World Ban Safe Motherhood Initiative

Author: Jean Guilfoyle

WORLD BANK SAFE MOTHERHOOD INITIATIVE

by Jean M. Guilfoyle

The lives of women and children in developing countries have been measured and found wanting in the utilitarian cost-benefit analyses of the World Bank and its partners in the international population control cartel. The burden and expense of mothers and infants can only be relieved through the legalization of abortion surgeries and the imposition of restrictive population control policies at the national, state and local levels. Programmatic population programs must therefore be injected into their communities, homes and personal relationships.

An "interagency partnership" composed of the World Bank, the United Nations Children's Fund (UNICEF), the United Nations Development Programme (UNDP), the World Health Organization (WHO), the United Nations Fund for Population Activities (UNFPA), International Planned Parenthood Federation (IPPF) and the Population Council (PC) have proposed a "Safe Motherhood Initiative" centered on the legalization of abortion within all national maternal and health programs in developing countries. Within the partnership, the World Bank is intended to provide economic compulsion and guaranteed funds to carry out the agenda forcefully. There are those among the targeted nations who dare to call this "economic blackmail with genocidal intent. "

Pressures were mounted to impose the "Safe Motherhood Initiative" on Latin American countries during recent conferences held in Guatemala, the Andean Sub-region, Mexico and the Caribbean.

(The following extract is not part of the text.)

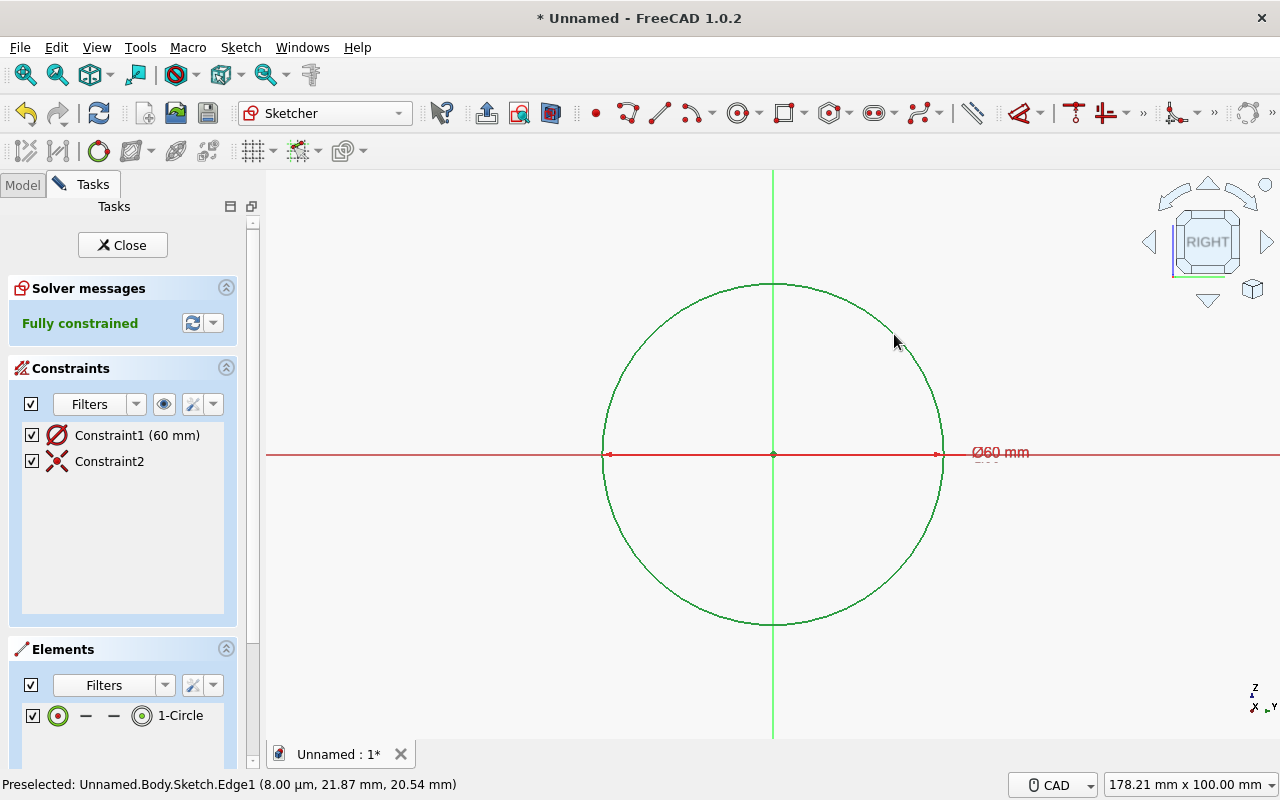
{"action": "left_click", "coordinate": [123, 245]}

A strategy session of the major international participants was held in March at the World bank headquarters in Washington, D.C. The Guatemalan "Safe Motherhood Initiative" reveals the Machiavellian pattern of the strategy.

Safe Motherhood Conference, Guatemala

The "Central American Conference for Maternity Without Risk," was held in Guatemala during January 1992. It was co-sponsored by the World Bank, Family Care International and local IPPF affiliates. At that conference the Bank proposed that Latin American countries make the legalization of abortion the center of their maternal and infant health programs. Before an audience of health officials and legislators, it was suggested that "national consultations" should be initiated to bring this about in all social sectors, especially among women.

Under the deceptive slogan of "Safe Motherhood," it was said that large monetary savings would accrue if maternal and child health programs in both the public and the private sector were oriented toward "safe abortion" and contraception.

Raising the spectre of maternal deaths as the motivating factor for legislative change by the 10 Hispano-American government representatives attending the conference, the Bank compared the costs related to death, which varies from $1,336 to $1,554, to the social and economic costs of abortion and contraceptives which would vary between 50 cents and $2.00 per capita. The Bank was especially concerned about establishing programs that would guarantee the reduction of maternal mortality as it related to "female productivity."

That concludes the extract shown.